| How to complete this task |
Using the records that appear below, write out exactly the lines from the one with "island section <box>40,583,290,607</box>" through the one with "direction sign <box>1686,421,1698,425</box>", keeping both end lines.

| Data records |

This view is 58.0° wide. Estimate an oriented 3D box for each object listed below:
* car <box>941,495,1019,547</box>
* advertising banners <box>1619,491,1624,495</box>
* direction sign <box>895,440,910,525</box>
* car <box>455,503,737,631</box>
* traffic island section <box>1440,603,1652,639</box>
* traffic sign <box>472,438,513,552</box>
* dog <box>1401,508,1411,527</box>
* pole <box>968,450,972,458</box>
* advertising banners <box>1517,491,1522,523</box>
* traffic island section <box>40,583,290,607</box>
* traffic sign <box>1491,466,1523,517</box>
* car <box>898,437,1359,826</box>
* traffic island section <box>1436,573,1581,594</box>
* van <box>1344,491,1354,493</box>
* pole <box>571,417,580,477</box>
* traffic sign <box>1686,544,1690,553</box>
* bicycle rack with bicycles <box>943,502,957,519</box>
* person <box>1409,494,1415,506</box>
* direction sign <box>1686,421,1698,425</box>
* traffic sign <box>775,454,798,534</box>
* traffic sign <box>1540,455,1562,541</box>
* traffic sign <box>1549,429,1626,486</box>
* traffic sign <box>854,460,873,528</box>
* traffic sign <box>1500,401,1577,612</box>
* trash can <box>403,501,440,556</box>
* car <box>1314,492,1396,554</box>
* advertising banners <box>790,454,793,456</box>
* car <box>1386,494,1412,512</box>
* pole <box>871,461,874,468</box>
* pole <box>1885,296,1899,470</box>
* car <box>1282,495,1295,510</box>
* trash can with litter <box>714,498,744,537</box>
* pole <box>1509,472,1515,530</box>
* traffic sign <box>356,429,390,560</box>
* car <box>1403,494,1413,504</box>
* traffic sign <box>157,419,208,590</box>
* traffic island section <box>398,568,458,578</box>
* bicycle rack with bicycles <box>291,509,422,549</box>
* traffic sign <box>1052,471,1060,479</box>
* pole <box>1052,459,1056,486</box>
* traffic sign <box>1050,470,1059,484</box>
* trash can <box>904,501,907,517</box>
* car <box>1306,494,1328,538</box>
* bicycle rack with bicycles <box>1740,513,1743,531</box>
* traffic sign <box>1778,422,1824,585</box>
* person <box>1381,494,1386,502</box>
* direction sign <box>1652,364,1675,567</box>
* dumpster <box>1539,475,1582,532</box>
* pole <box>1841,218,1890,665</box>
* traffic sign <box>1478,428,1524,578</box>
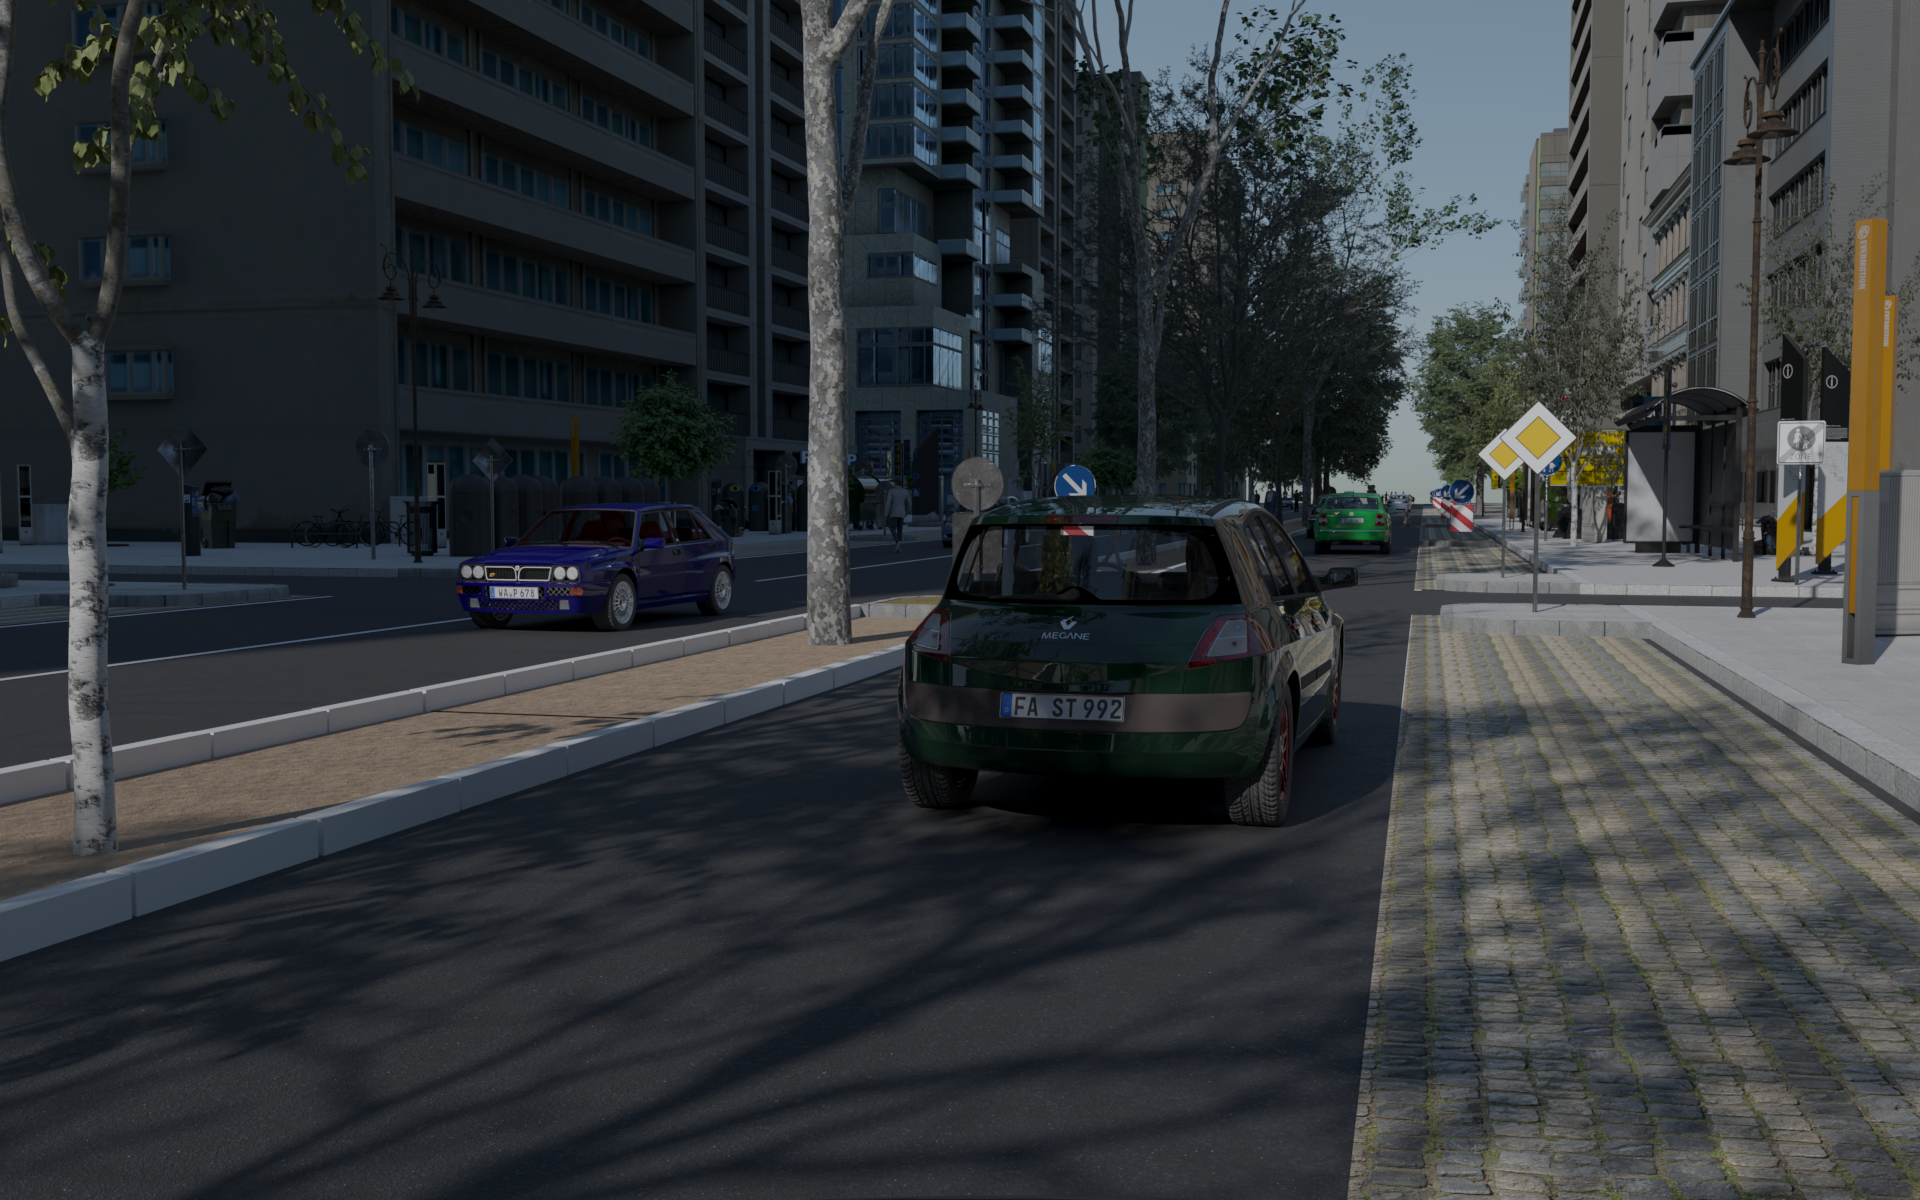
[{"bbox_3d":[0.774,-2.199,47.954,2.014,1.417,4.499,1,4,14],"label":"car"},{"bbox_3d":[35.918,-6.022,94.647,2.074,3.025,0.090,0,4,-3],"label":"advertising banners"},{"bbox_3d":[-2.402,-4.908,72.242,0.876,3.537,0.379,3,5,42],"label":"direction sign"},{"bbox_3d":[-3.981,-0.421,19.468,1.945,1.354,3.894,1,4,17],"label":"car"},{"bbox_3d":[6.260,0.213,18.804,2.009,0.180,2.903,1,4,15],"label":"traffic island section"},{"bbox_3d":[-8.346,-1.668,30.920,0.795,2.450,0.064,1,4,15],"label":"traffic sign"},{"bbox_3d":[19.591,-3.636,76.291,0.800,0.831,0.513,-3,4,-36],"label":"dog"},{"bbox_3d":[0.438,-5.237,79.475,0.158,3.312,0.155,0,3,0],"label":"pole"},{"bbox_3d":[25.905,-4.977,77.566,2.074,3.025,0.090,-1,4,-16],"label":"advertising banners"},{"bbox_3d":[-10.441,-0.061,23.275,2.009,0.180,2.903,1,4,15],"label":"traffic island section"},{"bbox_3d":[30.297,-6.182,94.942,2.265,3.308,0.079,1,4,18],"label":"traffic sign"},{"bbox_3d":[1.010,0.047,9.021,2.009,1.686,4.222,1,4,17],"label":"car"},{"bbox_3d":[8.330,-0.259,26.517,2.009,0.180,2.903,1,4,15],"label":"traffic island section"},{"bbox_3d":[48.953,-12.896,217.867,2.013,2.044,4.112,1,4,13],"label":"van"},{"bbox_3d":[-10.225,-3.194,46.066,0.158,3.312,0.155,0,3,0],"label":"pole"},{"bbox_3d":[15.970,-2.311,37.898,0.768,2.556,0.104,1,4,21],"label":"traffic sign"},{"bbox_3d":[-1.173,-4.198,82.016,2.852,0.926,2.925,2,4,23],"label":"bicycle rack with bicycles"},{"bbox_3d":[53.271,-11.784,204.355,0.799,1.438,0.628,1,4,15],"label":"person"},{"bbox_3d":[22.140,-3.691,52.353,0.379,3.537,0.876,0,4,-3],"label":"direction sign"},{"bbox_3d":[-5.591,-3.398,55.658,0.768,2.556,0.104,1,4,17],"label":"traffic sign"},{"bbox_3d":[16.010,-2.885,47.272,0.768,2.556,0.104,1,4,16],"label":"traffic sign"},{"bbox_3d":[19.865,-3.732,54.897,2.265,3.308,0.079,1,4,22],"label":"traffic sign"},{"bbox_3d":[-3.665,-4.006,65.605,0.768,2.556,0.104,1,4,19],"label":"traffic sign"},{"bbox_3d":[6.235,-0.923,18.734,0.795,2.450,0.064,1,4,15],"label":"traffic sign"},{"bbox_3d":[-11.146,-1.482,35.879,0.748,1.137,0.748,0,3,0],"label":"trash can"},{"bbox_3d":[9.712,-2.070,42.638,1.959,1.807,4.718,1,4,15],"label":"car"},{"bbox_3d":[-7.190,-4.935,76.877,0.090,3.025,2.074,1,4,21],"label":"advertising banners"},{"bbox_3d":[34.540,-7.603,136.316,2.014,1.417,4.499,1,4,17],"label":"car"},{"bbox_3d":[-5.424,-6.927,107.093,0.158,3.312,0.155,0,3,0],"label":"pole"},{"bbox_3d":[9.583,-1.475,17.965,0.158,3.312,0.155,0,3,0],"label":"pole"},{"bbox_3d":[30.167,-9.060,160.711,1.945,1.354,3.894,1,4,14],"label":"car"},{"bbox_3d":[-6.868,-2.467,51.724,0.624,1.170,1.055,1,4,14],"label":"trash can with litter"},{"bbox_3d":[19.670,-4.148,61.668,0.158,3.312,0.155,0,3,0],"label":"pole"},{"bbox_3d":[-11.463,-2.059,33.777,0.768,2.556,0.104,1,4,17],"label":"traffic sign"},{"bbox_3d":[41.098,-9.221,160.983,2.015,1.641,3.980,1,4,14],"label":"car"},{"bbox_3d":[-10.417,-1.197,23.207,0.795,2.450,0.064,1,4,15],"label":"traffic sign"},{"bbox_3d":[-8.371,-0.533,30.988,2.009,0.180,2.903,1,4,15],"label":"traffic island section"},{"bbox_3d":[-14.917,-1.746,41.928,2.925,0.926,2.852,1,4,16],"label":"bicycle rack with bicycles"},{"bbox_3d":[5.509,-5.916,96.829,0.768,2.556,0.104,1,4,17],"label":"traffic sign"},{"bbox_3d":[5.395,-6.466,99.555,0.158,3.312,0.155,0,3,0],"label":"pole"},{"bbox_3d":[5.298,-5.771,94.352,0.884,2.594,0.081,1,4,18],"label":"traffic sign"},{"bbox_3d":[-3.211,-5.113,95.244,0.748,1.137,0.748,0,3,0],"label":"trash can"},{"bbox_3d":[12.629,-2.810,57.734,2.131,1.459,4.920,1,4,17],"label":"car"},{"bbox_3d":[26.114,-2.898,60.759,2.852,0.926,2.925,-1,4,-20],"label":"bicycle rack with bicycles"},{"bbox_3d":[11.796,-1.359,24.345,0.606,2.300,0.079,1,4,20],"label":"traffic sign"},{"bbox_3d":[48.679,-11.486,199.554,1.065,1.426,0.557,1,4,15],"label":"person"},{"bbox_3d":[12.440,-2.356,30.518,0.379,3.537,0.876,2,4,28],"label":"direction sign"},{"bbox_3d":[20.659,-3.496,59.646,1.502,2.255,1.985,1,4,15],"label":"dumpster"},{"bbox_3d":[6.783,-1.171,12.984,0.158,3.312,0.155,0,3,0],"label":"pole"},{"bbox_3d":[8.305,-1.395,26.447,0.795,2.450,0.064,1,4,15],"label":"traffic sign"}]

| Output for this exercise |
* traffic island section <box>40,583,290,607</box>
* traffic sign <box>1491,466,1523,517</box>
* car <box>898,437,1359,826</box>
* traffic island section <box>1436,573,1581,594</box>
* van <box>1344,491,1354,493</box>
* pole <box>571,417,580,477</box>
* traffic sign <box>1686,544,1690,553</box>
* bicycle rack with bicycles <box>943,502,957,519</box>
* person <box>1409,494,1415,506</box>
* direction sign <box>1686,421,1698,425</box>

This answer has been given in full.